The problem >>
Below are records that hold pictures; write out only the lines from their start through the line with "- **name**: center", exactly, and drop the pictures.

/---

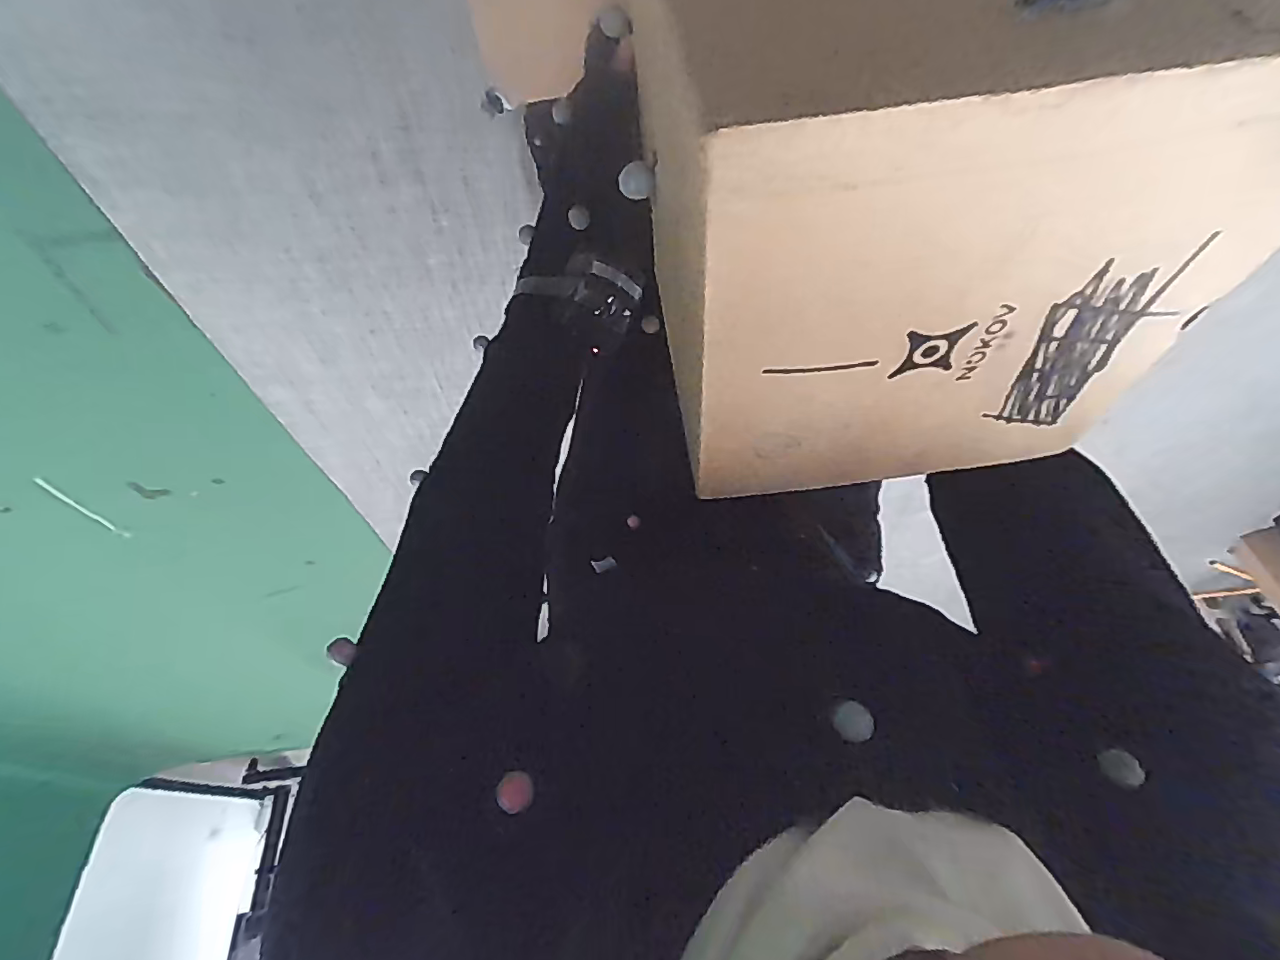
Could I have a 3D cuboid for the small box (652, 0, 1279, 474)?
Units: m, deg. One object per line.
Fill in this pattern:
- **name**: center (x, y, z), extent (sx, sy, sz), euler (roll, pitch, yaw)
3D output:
- **small box**: center (0.101, -0.122, 0.233), extent (0.179, 0.176, 0.168), euler (-5, 148, 2)

\---

Solution to the problem >>
Could I have a 3D cuboid for the small box (652, 0, 1279, 474)?
Units: m, deg. One object per line.
Fill in this pattern:
- **name**: center (x, y, z), extent (sx, sy, sz), euler (roll, pitch, yaw)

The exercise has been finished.